A ESCRAVIDÃO
Se Deus é
quem deixa o mundo
Sob o peso que o oprime,
Se ele consente esse crime,
Que se chama a escravidão,
Para fazer homens livres,
Para arrancá-los do abismo,
Existe um patriotismo
Maior que a religião.
Se não
lhe importa o escravo
Que a seus pés queixas deponha,
Cobrindo assim de vergonha
A face dos anjos seus,
Em seu delírio inefável,
Praticando a caridade,
Nesta hora a mocidade
Corrige o erro de Deus!
(Tobias
Barreto)
"Tobias Barreto de
Meneses nasceu na vila sergipana de Campos, a 7 de junho de 1839, sendo filho
de Pedro Barreto de Meneses, escrivão de órfãos e ausentas da localidade. É o
patrono da Cadeira nº 38 da Academia Brasileira de Letras. Aprendeu as
primeiras letras com o professor Manuel Joaquim de Oliveira Campos. Estudou
latim com o padre Domingos Quirino, dedicando-se com tal aproveitamento que, em
breve, iria ensinar a matéria em Itabaiana. Em 1861 seguiu para a Bahia com a
intenção de freqüentar um seminário mas, sem vocação firme, desistiu de
imediato. Sem ter prestado exames preparatórios voltou à sua vila donde sairá
com destino a Pernambuco. Em 1854 e 1865 o jovem Tobias, para sobreviver, deu
aulas particulares de diversas matérias. Na ocasião prestou concurso para a
cadeira de latim no Ginásio Pernambucano, sem conseguir, contudo, a desejada
nomeação. Em 1867 disputou a vaga de Filosofia no referido estabelecimento.

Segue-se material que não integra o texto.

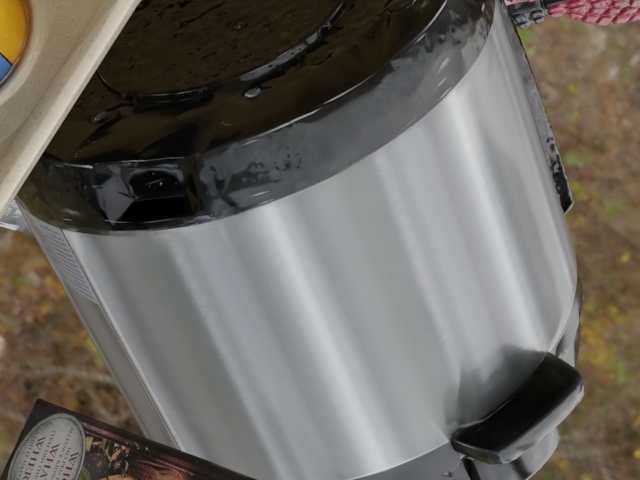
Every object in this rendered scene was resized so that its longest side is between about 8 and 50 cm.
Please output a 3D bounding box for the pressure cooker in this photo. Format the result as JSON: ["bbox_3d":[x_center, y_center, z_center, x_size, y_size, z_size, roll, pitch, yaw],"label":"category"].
[{"bbox_3d":[-0.006,0.003,1.153,0.370,0.375,0.420,-83,156,-53],"label":"pressure cooker"}]

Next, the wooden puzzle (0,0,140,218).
[{"bbox_3d":[-0.309,-0.099,0.905,0.348,0.322,0.080,-57,157,-13],"label":"wooden puzzle"}]

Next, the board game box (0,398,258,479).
[{"bbox_3d":[-0.096,0.191,0.567,0.042,0.165,0.243,35,73,-42],"label":"board game box"}]

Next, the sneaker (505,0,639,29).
[{"bbox_3d":[0.241,-0.280,1.517,0.299,0.112,0.121,-4,158,-1],"label":"sneaker"}]

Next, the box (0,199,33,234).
[{"bbox_3d":[-0.236,-0.201,1.389,0.395,0.097,0.318,-57,163,5],"label":"box"}]
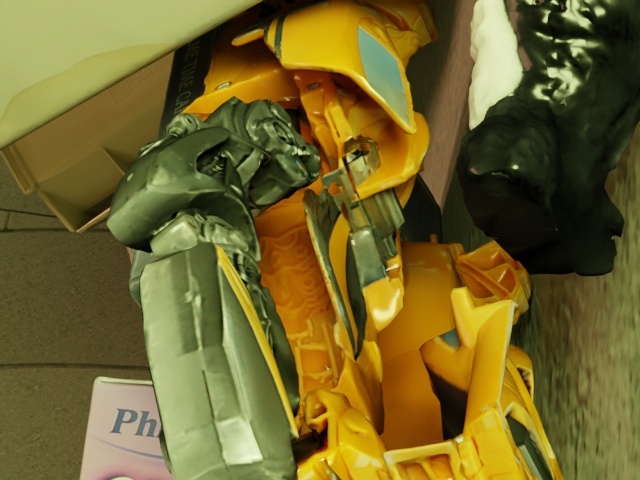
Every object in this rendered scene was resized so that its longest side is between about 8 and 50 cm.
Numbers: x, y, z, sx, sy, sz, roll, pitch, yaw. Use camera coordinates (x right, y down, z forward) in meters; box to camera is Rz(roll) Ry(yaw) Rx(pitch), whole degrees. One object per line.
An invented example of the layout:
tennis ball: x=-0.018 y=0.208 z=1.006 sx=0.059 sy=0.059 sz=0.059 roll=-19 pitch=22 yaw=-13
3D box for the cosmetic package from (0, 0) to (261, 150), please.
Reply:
cosmetic package: x=-0.065 y=-0.127 z=0.537 sx=0.309 sy=0.113 sz=0.160 roll=-19 pitch=24 yaw=48

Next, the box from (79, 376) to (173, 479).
box: x=-0.041 y=0.200 z=0.748 sx=0.213 sy=0.117 sz=0.243 roll=69 pitch=-153 yaw=-76

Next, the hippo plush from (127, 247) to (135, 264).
hippo plush: x=-0.034 y=-0.075 z=1.178 sx=0.294 sy=0.234 sz=0.236 roll=-11 pitch=88 yaw=42

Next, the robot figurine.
robot figurine: x=0.018 y=0.036 z=0.439 sx=0.291 sy=0.085 sz=0.211 roll=-93 pitch=-19 yaw=-64

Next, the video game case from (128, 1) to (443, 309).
video game case: x=0.000 y=0.000 z=0.656 sx=0.196 sy=0.026 sz=0.274 roll=56 pitch=-158 yaw=-30

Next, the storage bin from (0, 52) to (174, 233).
storage bin: x=-0.104 y=-0.177 z=0.959 sx=0.262 sy=0.260 sz=0.123 roll=-29 pitch=1 yaw=37

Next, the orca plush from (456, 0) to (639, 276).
orca plush: x=0.063 y=-0.143 z=0.371 sx=0.102 sy=0.151 sz=0.287 roll=-21 pitch=52 yaw=49
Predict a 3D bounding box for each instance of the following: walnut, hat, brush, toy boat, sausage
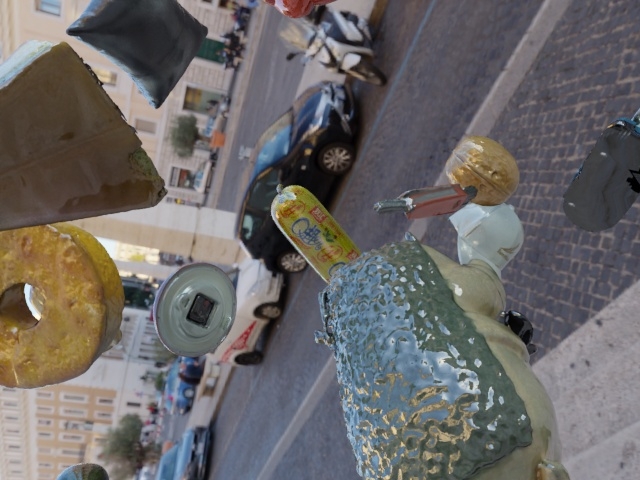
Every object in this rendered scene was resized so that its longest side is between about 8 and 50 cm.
[{"bbox_3d":[0.426,-0.177,1.488,0.165,0.197,0.165,-46,3,3],"label":"walnut"},{"bbox_3d":[0.537,0.032,1.732,0.168,0.258,0.301,-30,43,38],"label":"hat"},{"bbox_3d":[0.255,-0.088,1.338,0.051,0.323,0.070,64,144,24],"label":"brush"},{"bbox_3d":[0.647,-0.144,1.250,0.092,0.134,0.299,-41,-24,-28],"label":"toy boat"},{"bbox_3d":[0.000,0.000,1.423,0.123,0.347,0.123,-38,13,10],"label":"sausage"}]

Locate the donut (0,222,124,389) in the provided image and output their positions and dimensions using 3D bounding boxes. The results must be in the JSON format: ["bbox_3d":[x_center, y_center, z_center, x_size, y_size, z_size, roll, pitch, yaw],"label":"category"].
[{"bbox_3d":[-0.454,0.095,0.916,0.110,0.303,0.303,-34,-40,-73],"label":"donut"}]

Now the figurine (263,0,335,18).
[{"bbox_3d":[-0.002,-0.386,0.587,0.181,0.208,0.257,37,155,60],"label":"figurine"}]

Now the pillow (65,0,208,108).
[{"bbox_3d":[-0.294,-0.352,0.960,0.186,0.106,0.250,-58,-20,-3],"label":"pillow"}]

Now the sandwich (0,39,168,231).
[{"bbox_3d":[-0.296,-0.076,0.623,0.108,0.220,0.186,22,62,42],"label":"sandwich"}]

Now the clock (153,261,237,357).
[{"bbox_3d":[-0.314,0.177,1.452,0.056,0.244,0.244,5,83,47],"label":"clock"}]

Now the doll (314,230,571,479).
[{"bbox_3d":[0.130,0.146,0.635,0.349,0.247,0.247,64,144,40],"label":"doll"}]

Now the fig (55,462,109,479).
[{"bbox_3d":[-0.502,0.530,1.189,0.177,0.117,0.117,160,120,-64],"label":"fig"}]

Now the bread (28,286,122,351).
[{"bbox_3d":[-0.509,0.144,1.178,0.134,0.225,0.081,-41,-3,22],"label":"bread"}]
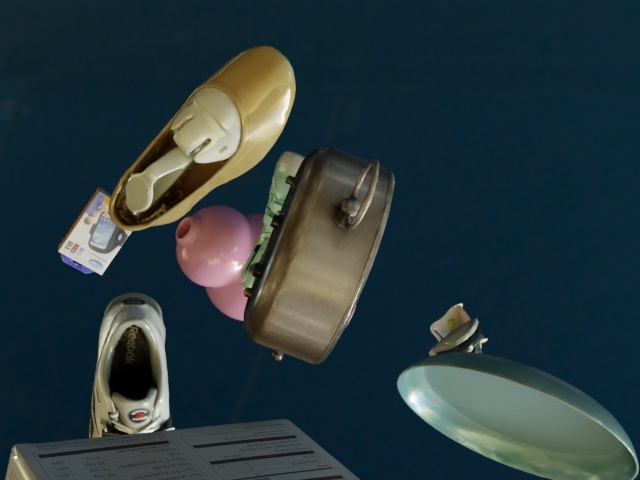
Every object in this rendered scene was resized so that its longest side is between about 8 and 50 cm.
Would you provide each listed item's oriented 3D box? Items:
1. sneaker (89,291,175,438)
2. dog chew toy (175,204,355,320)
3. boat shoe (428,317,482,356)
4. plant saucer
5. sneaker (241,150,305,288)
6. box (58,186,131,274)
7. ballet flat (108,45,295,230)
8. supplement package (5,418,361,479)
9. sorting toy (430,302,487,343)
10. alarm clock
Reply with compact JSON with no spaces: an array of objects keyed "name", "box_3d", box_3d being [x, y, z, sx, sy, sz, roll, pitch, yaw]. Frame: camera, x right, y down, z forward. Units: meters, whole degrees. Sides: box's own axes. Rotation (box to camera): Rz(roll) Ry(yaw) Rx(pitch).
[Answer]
[{"name":"sneaker","box_3d":[-0.267,0.247,1.200,0.146,0.122,0.330,-158,-116,-77]},{"name":"dog chew toy","box_3d":[-0.093,0.050,1.395,0.206,0.332,0.207,-29,-135,34]},{"name":"boat shoe","box_3d":[0.216,0.169,1.284,0.084,0.233,0.079,-35,-103,-4]},{"name":"plant saucer","box_3d":[0.254,0.227,1.115,0.317,0.044,0.317,23,-25,11]},{"name":"sneaker","box_3d":[-0.041,-0.002,1.085,0.094,0.151,0.256,27,-20,9]},{"name":"box","box_3d":[-0.359,-0.008,1.382,0.081,0.028,0.136,32,-84,-24]},{"name":"ballet flat","box_3d":[-0.105,-0.072,0.722,0.080,0.073,0.232,52,-50,5]},{"name":"supplement package","box_3d":[-0.086,0.263,0.516,0.145,0.204,0.262,29,-71,46]},{"name":"sorting toy","box_3d":[0.230,0.158,1.480,0.083,0.075,0.045,58,-34,34]},{"name":"alarm clock","box_3d":[0.000,0.000,0.513,0.064,0.129,0.192,23,-24,-8]}]
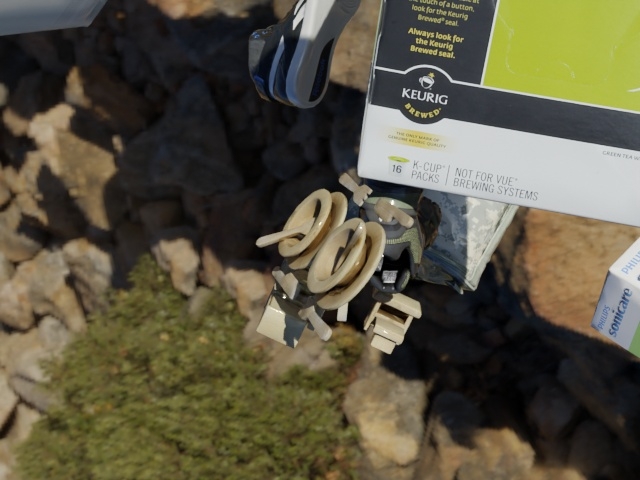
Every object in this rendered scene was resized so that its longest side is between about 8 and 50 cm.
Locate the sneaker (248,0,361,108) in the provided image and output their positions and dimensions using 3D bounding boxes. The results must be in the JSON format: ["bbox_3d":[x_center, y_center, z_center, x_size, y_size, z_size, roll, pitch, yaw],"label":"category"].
[{"bbox_3d":[-0.029,-0.277,1.344,0.121,0.079,0.217,16,84,42],"label":"sneaker"}]

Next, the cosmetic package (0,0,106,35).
[{"bbox_3d":[-0.368,-0.322,0.855,0.377,0.284,0.097,48,117,8],"label":"cosmetic package"}]

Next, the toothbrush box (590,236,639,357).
[{"bbox_3d":[0.517,0.090,1.331,0.283,0.206,0.122,35,146,28],"label":"toothbrush box"}]

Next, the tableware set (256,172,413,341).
[{"bbox_3d":[0.000,0.000,0.963,0.128,0.039,0.194,-54,23,4],"label":"tableware set"}]

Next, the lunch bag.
[{"bbox_3d":[0.229,-0.075,1.865,0.256,0.212,0.305,24,76,38],"label":"lunch bag"}]

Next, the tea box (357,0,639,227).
[{"bbox_3d":[0.225,-0.213,1.028,0.329,0.220,0.324,11,116,4],"label":"tea box"}]

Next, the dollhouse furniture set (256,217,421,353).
[{"bbox_3d":[0.037,0.054,1.100,0.161,0.182,0.101,25,104,-3],"label":"dollhouse furniture set"}]

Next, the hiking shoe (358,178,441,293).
[{"bbox_3d":[0.074,0.000,1.152,0.086,0.227,0.114,12,83,16],"label":"hiking shoe"}]
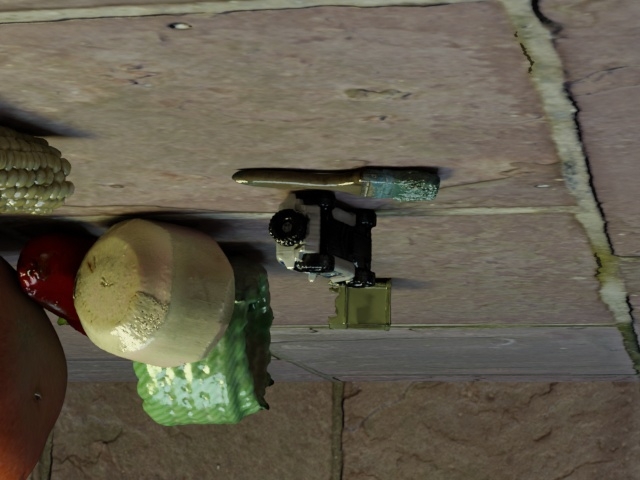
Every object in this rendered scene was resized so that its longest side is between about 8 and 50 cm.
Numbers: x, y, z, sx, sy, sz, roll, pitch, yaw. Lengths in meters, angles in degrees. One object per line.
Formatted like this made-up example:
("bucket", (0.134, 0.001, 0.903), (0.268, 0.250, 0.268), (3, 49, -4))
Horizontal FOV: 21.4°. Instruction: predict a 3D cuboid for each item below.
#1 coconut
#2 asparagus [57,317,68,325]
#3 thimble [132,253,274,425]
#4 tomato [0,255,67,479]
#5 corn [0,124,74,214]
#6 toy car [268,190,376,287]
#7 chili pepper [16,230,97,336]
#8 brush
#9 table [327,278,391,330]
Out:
("coconut", (-0.176, 0.060, 1.874), (0.170, 0.171, 0.183), (-6, 165, 37))
("asparagus", (-0.317, 0.107, 2.520), (0.236, 0.027, 0.034), (-8, 171, 40))
("thimble", (-0.139, 0.114, 2.049), (0.150, 0.219, 0.219), (-1, 170, 7))
("tomato", (-0.424, 0.158, 1.931), (0.272, 0.342, 0.341), (-8, 167, 22))
("corn", (-0.296, -0.067, 1.412), (0.087, 0.087, 0.211), (-4, 174, 27))
("toy car", (0.000, 0.000, 1.732), (0.070, 0.080, 0.170), (-4, 169, 26))
("chili pepper", (-0.278, 0.055, 2.008), (0.110, 0.110, 0.387), (0, 169, 8))
("brush", (0.014, -0.054, 1.597), (0.196, 0.021, 0.070), (2, 168, 0))
("table", (0.052, 0.086, 2.255), (0.083, 0.062, 0.079), (1, 170, 1))
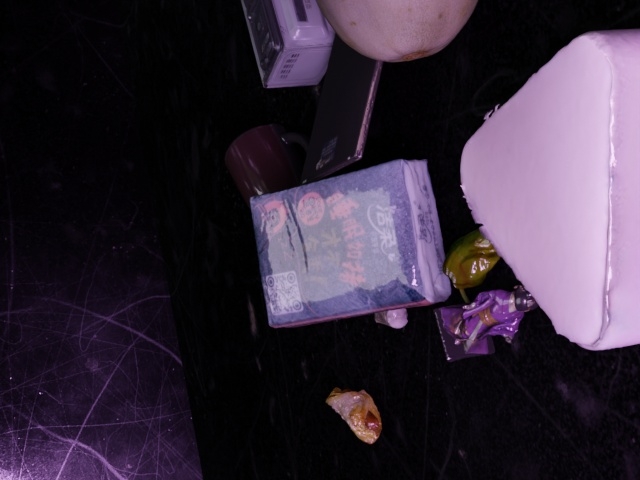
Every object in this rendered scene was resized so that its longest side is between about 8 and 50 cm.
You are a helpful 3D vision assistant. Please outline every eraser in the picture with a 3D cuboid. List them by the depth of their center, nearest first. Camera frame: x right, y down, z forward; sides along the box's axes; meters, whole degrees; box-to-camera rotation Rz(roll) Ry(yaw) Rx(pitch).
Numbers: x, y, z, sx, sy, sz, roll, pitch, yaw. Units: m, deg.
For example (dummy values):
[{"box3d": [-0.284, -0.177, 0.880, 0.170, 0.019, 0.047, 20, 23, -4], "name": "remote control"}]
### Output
[{"box3d": [0.305, -0.034, 1.140, 0.331, 0.150, 0.331, 175, 90, -68], "name": "eraser"}]

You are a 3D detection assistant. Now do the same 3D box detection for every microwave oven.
[{"box3d": [-0.061, -0.408, 1.937, 0.162, 0.123, 0.208, 128, 131, -61], "name": "microwave oven"}]

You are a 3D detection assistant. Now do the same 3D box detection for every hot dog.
[{"box3d": [0.068, 0.305, 1.929, 0.169, 0.078, 0.061, 40, 117, 52], "name": "hot dog"}]

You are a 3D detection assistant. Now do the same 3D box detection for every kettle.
[{"box3d": [-0.065, -0.113, 2.065, 0.202, 0.144, 0.232, -45, 56, 25], "name": "kettle"}]

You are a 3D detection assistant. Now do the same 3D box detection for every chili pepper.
[{"box3d": [0.211, 0.027, 1.480, 0.204, 0.072, 0.073, 124, 132, -58], "name": "chili pepper"}]

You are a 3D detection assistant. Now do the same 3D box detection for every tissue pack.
[{"box3d": [0.039, 0.010, 1.680, 0.316, 0.103, 0.227, -12, 85, 36], "name": "tissue pack"}]

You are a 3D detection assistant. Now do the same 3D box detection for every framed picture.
[{"box3d": [0.048, -0.265, 1.693, 0.255, 0.014, 0.338, 160, 126, -68], "name": "framed picture"}]

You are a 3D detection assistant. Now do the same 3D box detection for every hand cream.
[{"box3d": [0.114, 0.123, 1.809, 0.143, 0.039, 0.061, -158, 56, -75], "name": "hand cream"}]

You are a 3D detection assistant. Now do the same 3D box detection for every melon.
[{"box3d": [0.097, -0.394, 1.391, 0.272, 0.272, 0.307, -137, 54, -57], "name": "melon"}]

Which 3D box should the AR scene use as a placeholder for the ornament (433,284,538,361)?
[{"box3d": [0.237, 0.109, 1.431, 0.203, 0.088, 0.081, 147, 113, -64], "name": "ornament"}]
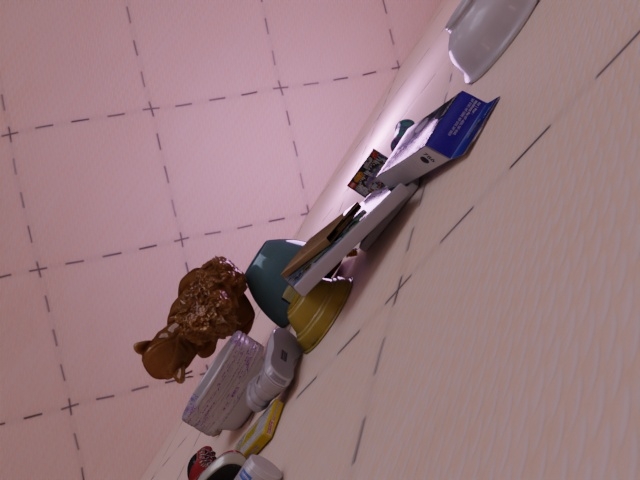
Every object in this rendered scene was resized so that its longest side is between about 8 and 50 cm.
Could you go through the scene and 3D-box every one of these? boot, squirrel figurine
[{"bbox_3d":[-0.119,0.303,1.626,0.123,0.095,0.258,-50,4,14],"label":"boot"},{"bbox_3d":[-0.390,0.248,2.105,0.370,0.281,0.397,-46,-5,-39],"label":"squirrel figurine"},{"bbox_3d":[-0.235,0.492,1.504,0.244,0.088,0.176,-56,23,29],"label":"boot"}]

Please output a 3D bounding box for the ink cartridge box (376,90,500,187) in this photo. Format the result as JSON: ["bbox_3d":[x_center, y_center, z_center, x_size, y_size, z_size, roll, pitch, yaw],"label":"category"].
[{"bbox_3d":[0.247,-0.221,1.510,0.165,0.065,0.333,-55,11,-19],"label":"ink cartridge box"}]

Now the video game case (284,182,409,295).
[{"bbox_3d":[0.051,-0.004,1.618,0.329,0.036,0.300,-44,5,-5],"label":"video game case"}]

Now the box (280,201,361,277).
[{"bbox_3d":[0.000,0.000,1.650,0.201,0.021,0.164,-37,9,45],"label":"box"}]

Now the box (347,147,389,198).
[{"bbox_3d":[0.153,-0.189,2.008,0.137,0.094,0.027,-54,7,27],"label":"box"}]

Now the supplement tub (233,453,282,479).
[{"bbox_3d":[-0.123,0.437,1.198,0.107,0.071,0.071,-58,7,0],"label":"supplement tub"}]

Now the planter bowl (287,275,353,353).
[{"bbox_3d":[-0.018,0.157,1.657,0.217,0.090,0.217,-56,6,10],"label":"planter bowl"}]

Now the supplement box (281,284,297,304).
[{"bbox_3d":[-0.053,0.147,1.965,0.083,0.083,0.056,-55,8,24],"label":"supplement box"}]

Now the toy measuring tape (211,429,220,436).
[{"bbox_3d":[-0.303,0.456,2.187,0.121,0.121,0.330,-49,11,49],"label":"toy measuring tape"}]

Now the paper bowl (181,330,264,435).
[{"bbox_3d":[-0.242,0.400,1.877,0.284,0.148,0.284,-56,6,10],"label":"paper bowl"}]

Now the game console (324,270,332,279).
[{"bbox_3d":[-0.002,0.076,1.839,0.144,0.124,0.085,101,173,-73],"label":"game console"}]

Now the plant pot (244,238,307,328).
[{"bbox_3d":[-0.127,0.107,2.200,0.290,0.195,0.290,-55,7,10],"label":"plant pot"}]

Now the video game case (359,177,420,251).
[{"bbox_3d":[0.180,-0.102,1.717,0.227,0.026,0.206,-54,8,32],"label":"video game case"}]

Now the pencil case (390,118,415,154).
[{"bbox_3d":[0.242,-0.298,2.005,0.070,0.064,0.151,-35,17,28],"label":"pencil case"}]

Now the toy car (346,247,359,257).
[{"bbox_3d":[0.102,0.003,1.818,0.041,0.060,0.122,-5,56,23],"label":"toy car"}]

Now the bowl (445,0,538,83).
[{"bbox_3d":[0.408,-0.553,1.720,0.297,0.134,0.298,-55,6,9],"label":"bowl"}]

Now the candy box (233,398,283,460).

Venceu o prélio em primeiro lugar, mas é preterido mais uma vez por outro
candidato. Para ocupar o tempo entrega-se com afinco à leitura dos
evolucionistas estrangeiros, sobretudo o alemão Ernest Haeckel que se tornaria
um dos mais famosos cientistas da época com seus livros Os Enigmas do
Universo e As Maravilhas da Vida. No campo das produções
poéticas passou Tobias a competir com o poeta baiano Antônio de Castro Alves, a
quem superava, contudo, no lastro cultural. O fato de ser mestiço
prejudicou-lhe a vida amorosa numa época cheia de preconceitos, conforme
testemunho de Sílvio Romero. Na oratória Tobias se revelava um mestre, qualquer
que fosse o tema escolhido para debate. O estudo da Filosofia empolgava o
sergipano que nos jornais universitários publicou Tomás de Aquino,Teologia
e Teodicéia não são ciências, Jules Simon, etc. Ainda antes de
concluir o curso de Direito casou-se com a filha de um coronel do interior,
proprietário de engenhos no município de Escada. Eleito para a Assembléia
Provincial não conseguiu progredir na política local. Dedicou vários anos a
aprofundar-se no estudo do alemão, para poder ler no original alguns dos
ensaístas germânicos, à frente deles Ernest Haeckel e Ludwig Büchner”. Conta
Hermes Lima, em sua magnífica biografia de Tobias, que ele “para irritar o
burguês, com uma nota mais ostensiva de superioridade, abria freqüentemente seu
luminoso leque de pavão: o germanismo”. Foi em alemão que Tobias redigiu oDeutscher
Kampfer (O lutador alemão). Mais tarde sairiam de sua pena os Estudos
Alemães. A residência em Escada durou cerca de dez anos. Ao voltar ao
Recife, aos escassos proventos que recebia juntaram-se os problemas de saúde
que acabaram por impedí-lo de sair de casa. Tentou uma viagem à Europa para
restabelecer-se fisicamente. Faltavam-lhe os recursos financeiros para isso. Em
Recife abriram-se subscrições para ajudá-lo a custear-lhe as despesas. Em 1889
estava praticamente desesperado. Uma semana antes de morrer enviou uma carta a
Sílvio Romero solicitando, angustiosamente, que lhe enviasse o dinheiro das
contribuições que haviam sido feitas até 19 de junho daquele ano. Sete dias
mais tarde falecia, hospedado na casa de um amigo. A obra de Tobias é de
significativo valor, levando em conta que o professor sergipano não chegou a
conhecer a capital do Império. Suas Obras Completas, editadas pelo
Instituto Nacional do Livro, incluem os seguintes títulos:Ensaios e Estudos
de Filosofia e Crítica, 1875. Brasilien, wie es ist,
1876. Ensaio de pré-história da literatura alemã. Filosofia
e Crítica. Estudos Alemães, 1879. Dias e Noites,
1881. Polêmicas, 1901. Discursos, 1887. Menores
e Loucos, 1884. Hermes Lima, ao comentar o refúgio de Tobias Barreto em
Escada, esclareceu: “Em Escada, além de publicar o Fundamento do
Direito de Punir, erige o germanismo em caminho de cultura. É onde
aprofunda seu Haeckel, onde elabora sua posição filosófica, onde traça as
coordenadas da revolução espiritual que viria a deflagrar-se no país”.